With its construction and environmental benefits increasingly apparent, sulfur polymer is now building momentum. In January 2014, Green SulfCrete won a $150,000 grant from the National Science Foundation to continue its work; last June, the Melville startup was one of five companies to receive a $50,000 grant from Accelerate Long Island’s Seed Fund, plus a matching grant from the Long Island Emerging Technologies Fund, a collaboration of VC investors Topspin Partners and Jove Equity Partners.

The company has had “numerous conversations with oil companies and concrete companies,” Biamonte noted, but no third party “will truly commit until we can prove it scales.”

In short, Biamonte’s firm needs to show SulfCrete works in large structures, so the goal now is to raise $5 million for a pilot production plant, to be built in conjunction with BNL and Stony Brook University, where Green SulfCrete is a member of the Clean Energy Business Incubator Program.

“We need to actually produce products like conduit pipes and highway dividers,” Biamonte said.

David Hamilton, CEBIP’s director of business development, believes SulfCrete is going to change the construction industry. Hamilton has been helping Biamonte cultivate business strategies and funding opportunities for the last two years, and while he admits “concrete is not the sexiest thing in the world,” he knows a game-changer when he sees one.

“The concrete industry is the planet’s largest water consumer, and the industry presents other significant health challenges,” Hamilton said. “Bill has a technology that’s going to have a significant impact on the world.”

But first, Green SulfCrete needs to build that pilot plant, putting a particular emphasis on the May 8 capital showcase. SulfCrete won’t be the only attraction: Following a keynote by BNL Director Doon Gibbs, the forum will feature presentations on a nanotechnology-based protective coating for monitors and solar panels and a superconducting electric-grid protection system.

Other presenters will pitch a method for modifying oilseed crops to produce fatty acids – useful for plastics and paints – and a nanotech-based “water shield” that keeps moisture off various surfaces, even in high-pressure, high-velocity conditions.

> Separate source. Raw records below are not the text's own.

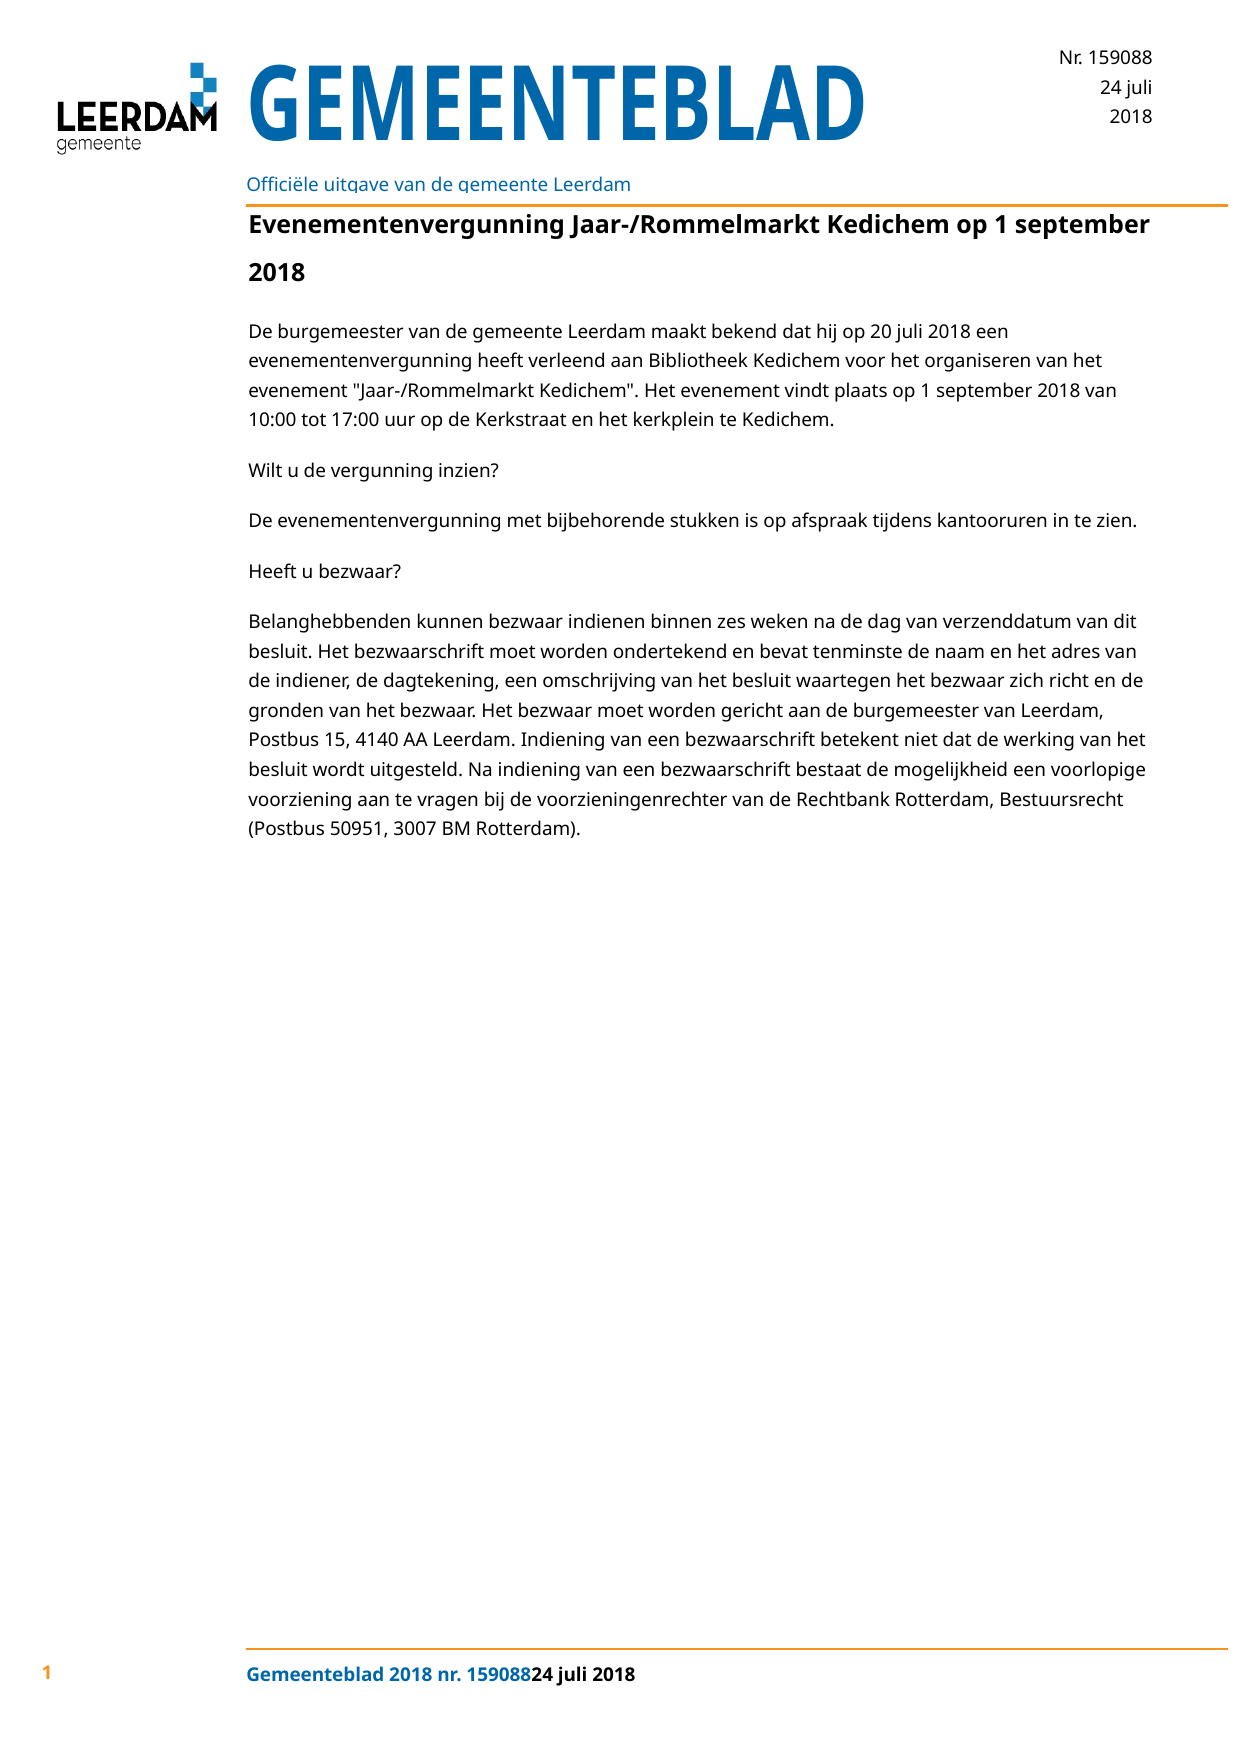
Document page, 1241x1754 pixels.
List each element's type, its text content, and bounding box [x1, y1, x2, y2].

text Evenementenvergunning Jaar-/Rommelmarkt Kedichem op 1 september 2018 [248, 207, 1152, 288]
text De evenementenvergunning met bijbehorende stukken is op afspraak tijdens kantooruren in te zien. [248, 507, 1152, 533]
text Belanghebbenden kunnen bezwaar indienen binnen zes weken na de dag van verzenddatum van dit besluit. Het bezwaarschrift moet worden ondertekend en bevat tenminste de naam en het adres van de indiener, de dagtekening, een omschrijving van het besluit waartegen het bezwaar zich richt en de gronden van het bezwaar. Het bezwaar moet worden gericht aan de burgemeester van Leerdam, Postbus 15, 4140 AA Leerdam. Indiening van een bezwaarschrift betekent niet dat de werking van het besluit wordt uitgesteld. Na indiening van een bezwaarschrift bestaat de mogelijkheid een voorlopige voorziening aan te vragen bij de voorzieningenrechter van de Rechtbank Rotterdam, Bestuursrecht (Postbus 50951, 3007 BM Rotterdam). [248, 608, 1152, 841]
picture [41, 47, 231, 172]
text Heeft u bezwaar? [248, 558, 1152, 584]
text De burgemeester van de gemeente Leerdam maakt bekend dat hij op 20 juli 2018 een evenementenvergunning heeft verleend aan Bibliotheek Kedichem voor het organiseren van het evenement "Jaar-/Rommelmarkt Kedichem". Het evenement vindt plaats op 1 september 2018 van 10:00 tot 17:00 uur op de Kerkstraat en het kerkplein te Kedichem. [248, 318, 1152, 432]
text Wilt u de vergunning inzien? [248, 457, 1152, 483]
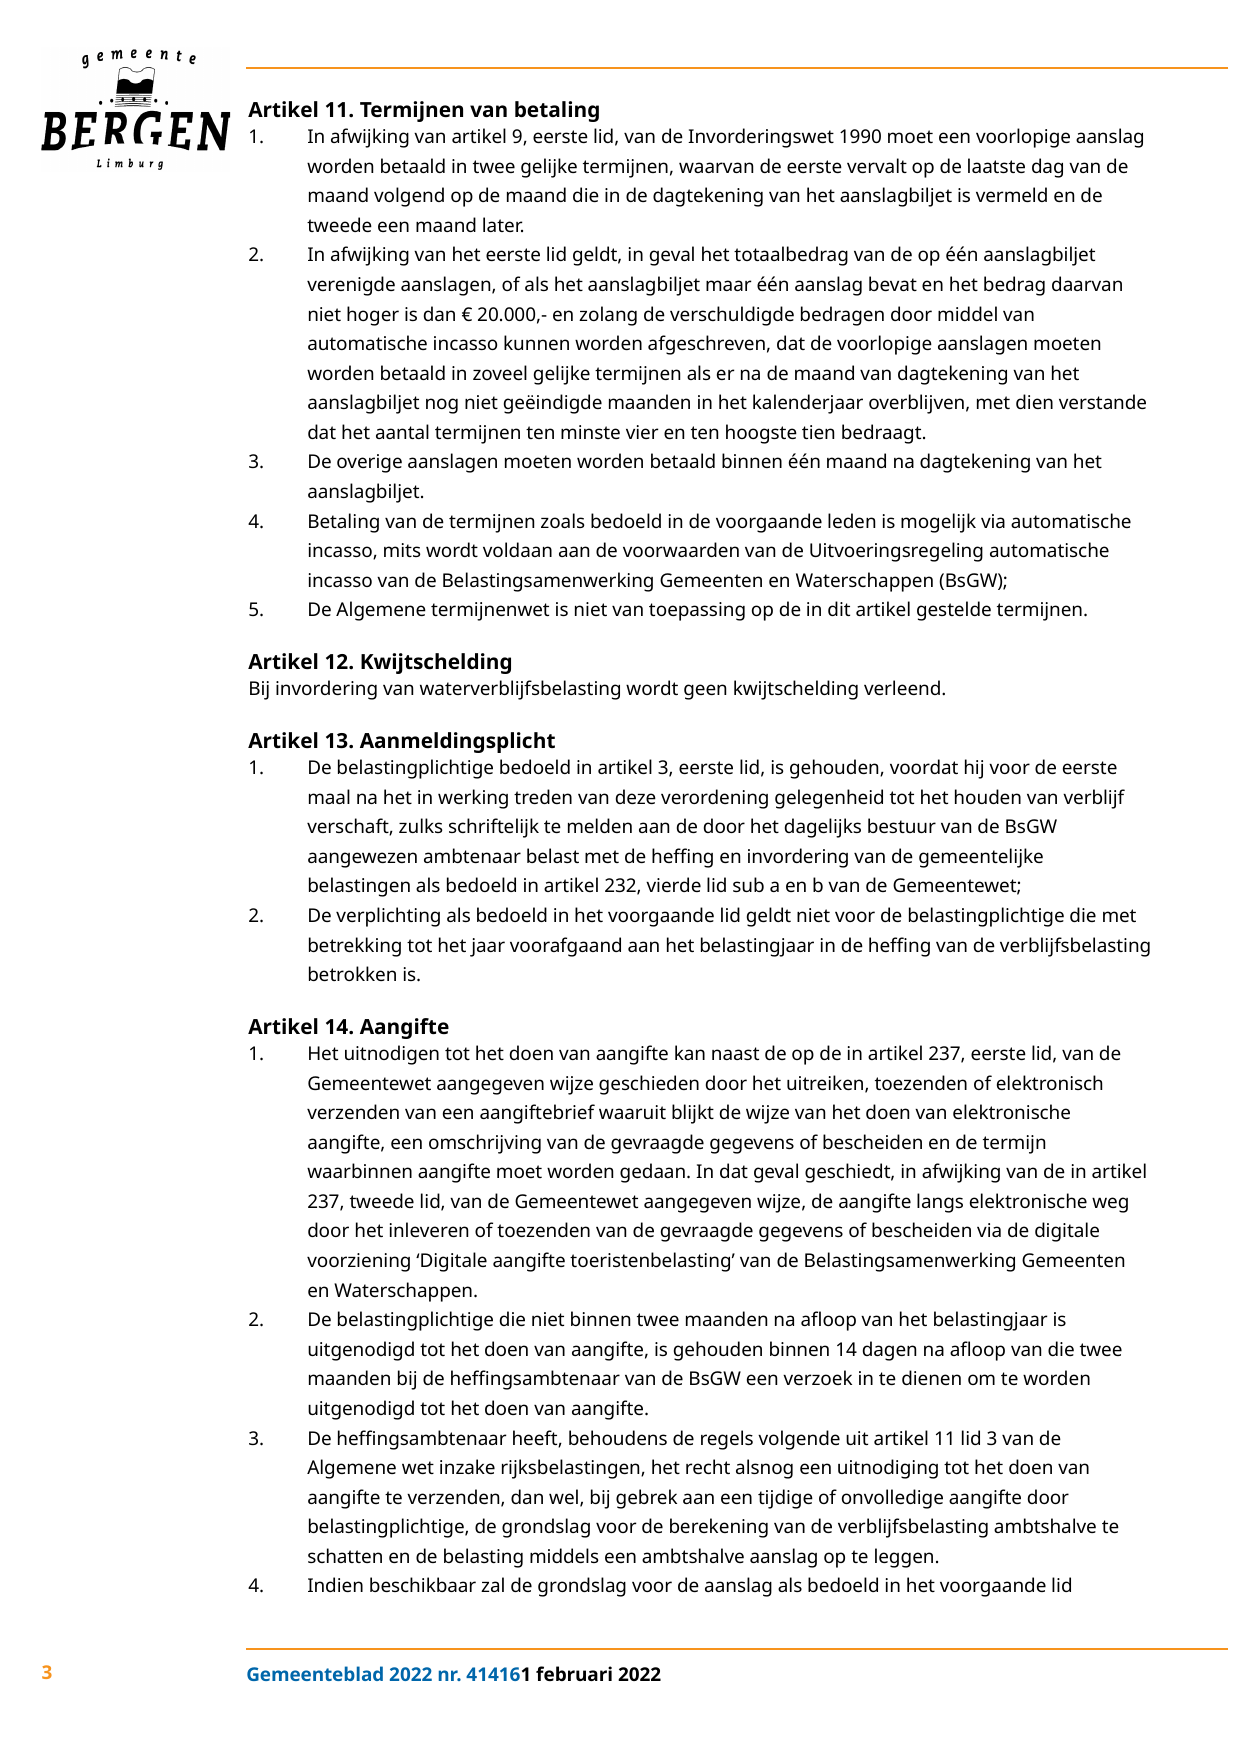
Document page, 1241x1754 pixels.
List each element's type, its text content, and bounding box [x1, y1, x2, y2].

list Het uitnodigen tot het doen van aangifte kan naast de op de in artikel 237, eerste lid, van de Gemeentewet aangegeven wijze geschieden door het uitreiken, toezenden of elektronisch verzenden van een aangiftebrief waaruit blijkt de wijze van het doen van elektronische aangifte, een omschrijving van de gevraagde gegevens of bescheiden en de termijn waarbinnen aangifte moet worden gedaan. In dat geval geschiedt, in afwijking van de in artikel 237, tweede lid, van de Gemeentewet aangegeven wijze, de aangifte langs elektronische weg door het inleveren of toezenden van de gevraagde gegevens of bescheiden via de digitale voorziening ‘Digitale aangifte toeristenbelasting’ van de Belastingsamenwerking Gemeenten en Waterschappen. [248, 1040, 1152, 1303]
list De belastingplichtige bedoeld in artikel 3, eerste lid, is gehouden, voordat hij voor de eerste maal na het in werking treden van deze verordening gelegenheid tot het houden van verblijf verschaft, zulks schriftelijk te melden aan de door het dagelijks bestuur van de BsGW aangewezen ambtenaar belast met de heffing en invordering van de gemeentelijke belastingen als bedoeld in artikel 232, vierde lid sub a en b van de Gemeentewet; [248, 754, 1152, 898]
list De belastingplichtige die niet binnen twee maanden na afloop van het belastingjaar is uitgenodigd tot het doen van aangifte, is gehouden binnen 14 dagen na afloop van die twee maanden bij de heffingsambtenaar van de BsGW een verzoek in te dienen om te worden uitgenodigd tot het doen van aangifte. [248, 1306, 1152, 1421]
list De overige aanslagen moeten worden betaald binnen één maand na dagtekening van het aanslagbiljet. [248, 449, 1152, 504]
picture [41, 47, 231, 172]
list Indien beschikbaar zal de grondslag voor de aanslag als bedoeld in het voorgaande lid [248, 1573, 1152, 1598]
list In afwijking van het eerste lid geldt, in geval het totaalbedrag van de op één aanslagbiljet verenigde aanslagen, of als het aanslagbiljet maar één aanslag bevat en het bedrag daarvan niet hoger is dan € 20.000,- en zolang de verschuldigde bedragen door middel van automatische incasso kunnen worden afgeschreven, dat de voorlopige aanslagen moeten worden betaald in zoveel gelijke termijnen als er na de maand van dagtekening van het aanslagbiljet nog niet geëindigde maanden in het kalenderjaar overblijven, met dien verstande dat het aantal termijnen ten minste vier en ten hoogste tien bedraagt. [248, 242, 1152, 445]
list Betaling van de termijnen zoals bedoeld in de voorgaande leden is mogelijk via automatische incasso, mits wordt voldaan aan de voorwaarden van de Uitvoeringsregeling automatische incasso van de Belastingsamenwerking Gemeenten en Waterschappen (BsGW); [248, 508, 1152, 593]
list In afwijking van artikel 9, eerste lid, van de Invorderingswet 1990 moet een voorlopige aanslag worden betaald in twee gelijke termijnen, waarvan de eerste vervalt op de laatste dag van de maand volgend op de maand die in de dagtekening van het aanslagbiljet is vermeld en de tweede een maand later. [248, 123, 1152, 238]
list De heffingsambtenaar heeft, behoudens de regels volgende uit artikel 11 lid 3 van de Algemene wet inzake rijksbelastingen, het recht alsnog een uitnodiging tot het doen van aangifte te verzenden, dan wel, bij gebrek aan een tijdige of onvolledige aangifte door belastingplichtige, de grondslag voor de berekening van de verblijfsbelasting ambtshalve te schatten en de belasting middels een ambtshalve aanslag op te leggen. [248, 1425, 1152, 1569]
text Bij invordering van waterverblijfsbelasting wordt geen kwijtschelding verleend. [248, 675, 1152, 701]
list De verplichting als bedoeld in het voorgaande lid geldt niet voor de belastingplichtige die met betrekking tot het jaar voorafgaand aan het belastingjaar in de heffing van de verblijfsbelasting betrokken is. [248, 902, 1152, 987]
text Artikel 11. Termijnen van betaling [248, 95, 1152, 123]
list De Algemene termijnenwet is niet van toepassing op de in dit artikel gestelde termijnen. [248, 597, 1152, 622]
text Artikel 13. Aanmeldingsplicht [248, 726, 1152, 754]
text Artikel 12. Kwijtschelding [248, 647, 1152, 675]
text Artikel 14. Aangifte [248, 1012, 1152, 1040]
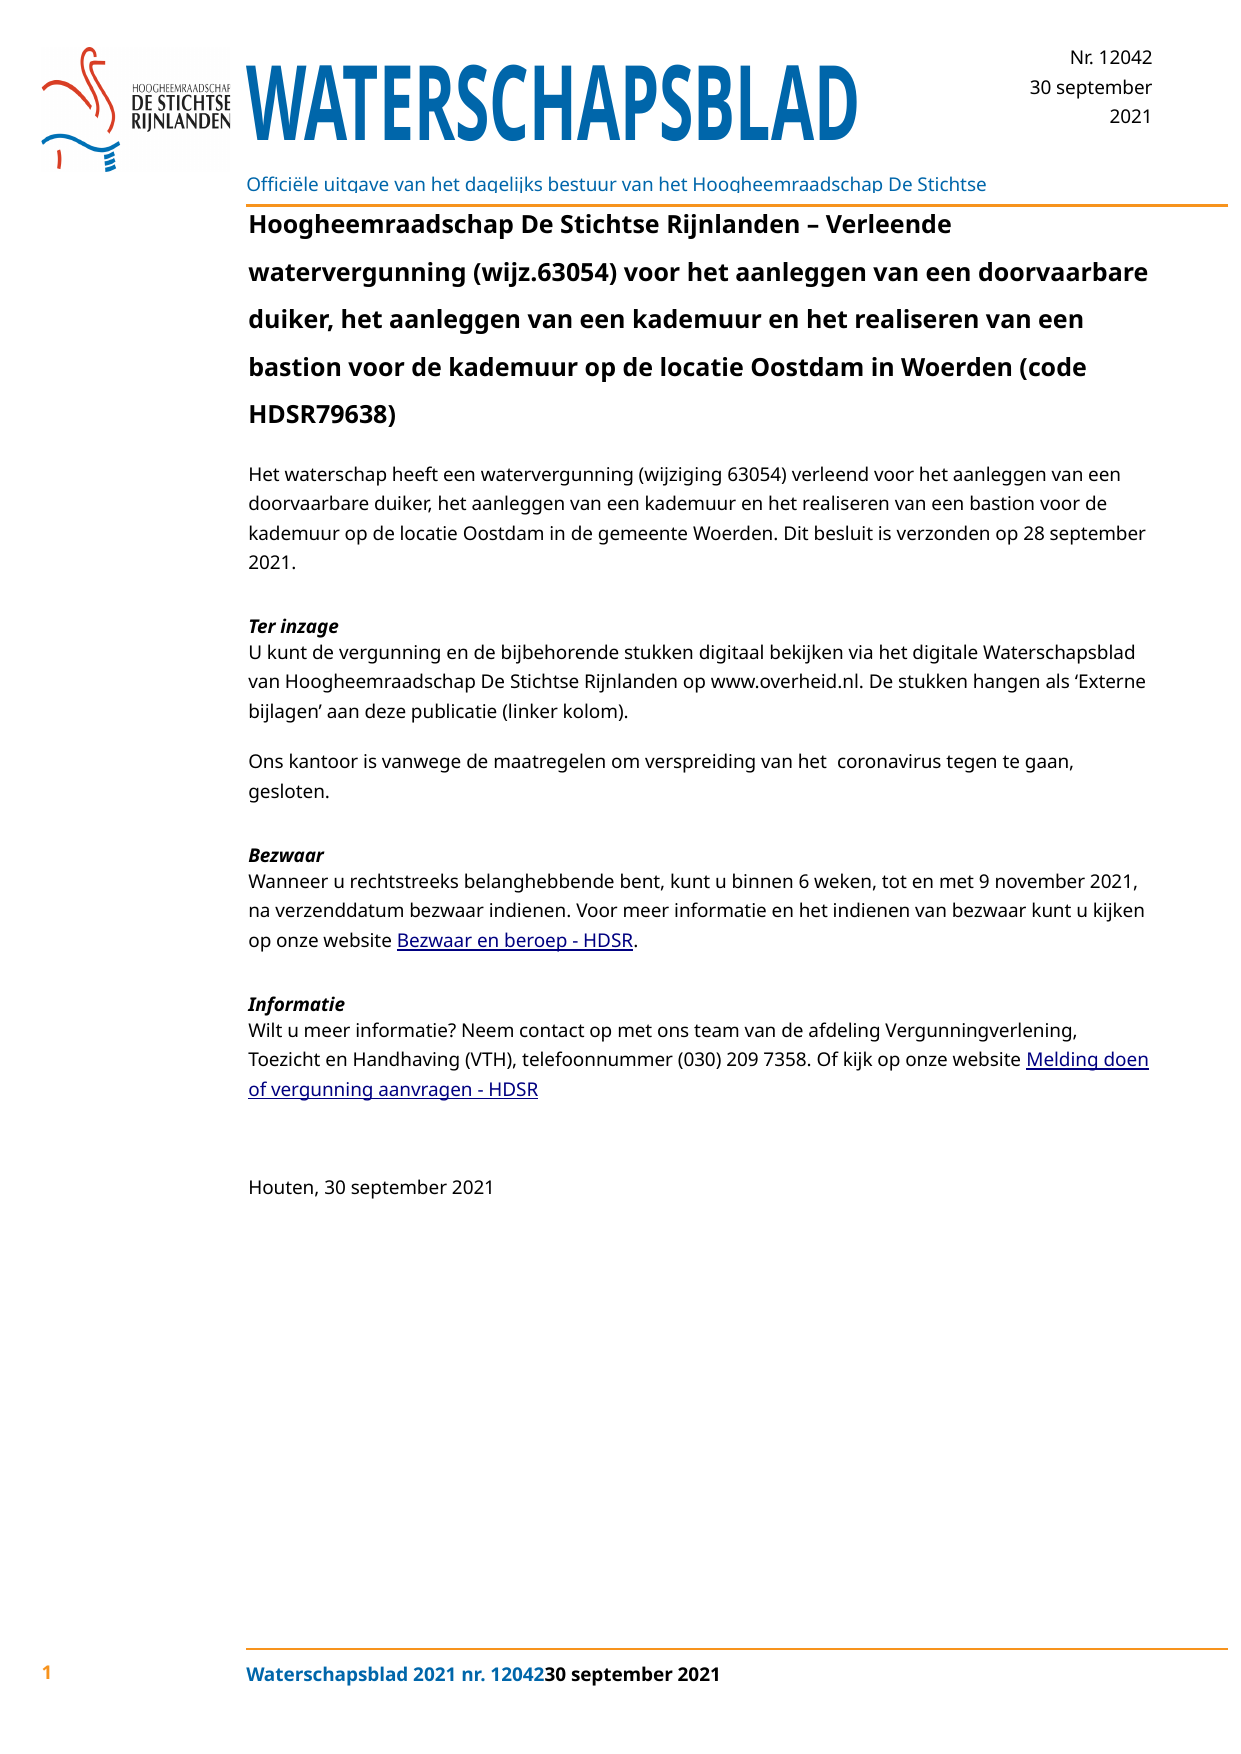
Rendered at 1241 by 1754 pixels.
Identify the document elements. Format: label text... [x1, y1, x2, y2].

text Wanneer u rechtstreeks belanghebbende bent, kunt u binnen 6 weken, tot en met 9 november 2021, na verzenddatum bezwaar indienen. Voor meer informatie en het indienen van bezwaar kunt u kijken op onze website Bezwaar en beroep - HDSR. [248, 868, 1152, 953]
text U kunt de vergunning en de bijbehorende stukken digitaal bekijken via het digitale Waterschapsblad van Hoogheemraadschap De Stichtse Rijnlanden op www.overheid.nl. De stukken hangen als ‘Externe bijlagen’ aan deze publicatie (linker kolom). [248, 639, 1152, 724]
text Wilt u meer informatie? Neem contact op met ons team van de afdeling Vergunningverlening, Toezicht en Handhaving (VTH), telefoonnummer (030) 209 7358. Of kijk op onze website Melding doen of vergunning aanvragen - HDSR [248, 1017, 1152, 1102]
text Ons kantoor is vanwege de maatregelen om verspreiding van het coronavirus tegen te gaan, gesloten. [248, 749, 1152, 804]
text Bezwaar [248, 842, 1152, 868]
text Houten, 30 september 2021 [248, 1174, 1152, 1200]
text Het waterschap heeft een watervergunning (wijziging 63054) verleend voor het aanleggen van een doorvaarbare duiker, het aanleggen van een kademuur en het realiseren van een bastion voor de kademuur op de locatie Oostdam in de gemeente Woerden. Dit besluit is verzonden op 28 september 2021. [248, 461, 1152, 575]
text Ter inzage [248, 613, 1152, 639]
text Informatie [248, 991, 1152, 1017]
picture [41, 47, 231, 172]
text Hoogheemraadschap De Stichtse Rijnlanden – Verleende watervergunning (wijz.63054) voor het aanleggen van een doorvaarbare duiker, het aanleggen van een kademuur en het realiseren van een bastion voor de kademuur op de locatie Oostdam in Woerden (code HDSR79638) [248, 207, 1152, 431]

Goodbye windshield wipers, maybe?

It’s an impressive tech smorgasbord, and Hamilton has firsthand experience with several of the featured products. NextSwitch, for example, the maker of that superconducting electric-grid protection system, is a recent CEBIP member.

But SulfCrete, according to the business guru, stands out.

“Of all my clients, Bill has the best chance to be hugely successful,” Hamilton said.

That’s the plan, according to Biamonte, who gleefully notes that Green SulfCrete has exclusive licenses on the sulfur polymer technology for the next 20 years.

“We can sublicense this in a thousand different directions – by geography, by application,” the CEO said. “Our model will be to prove it scales, then create a center of excellence on Long Island where we continue to improve the technology.”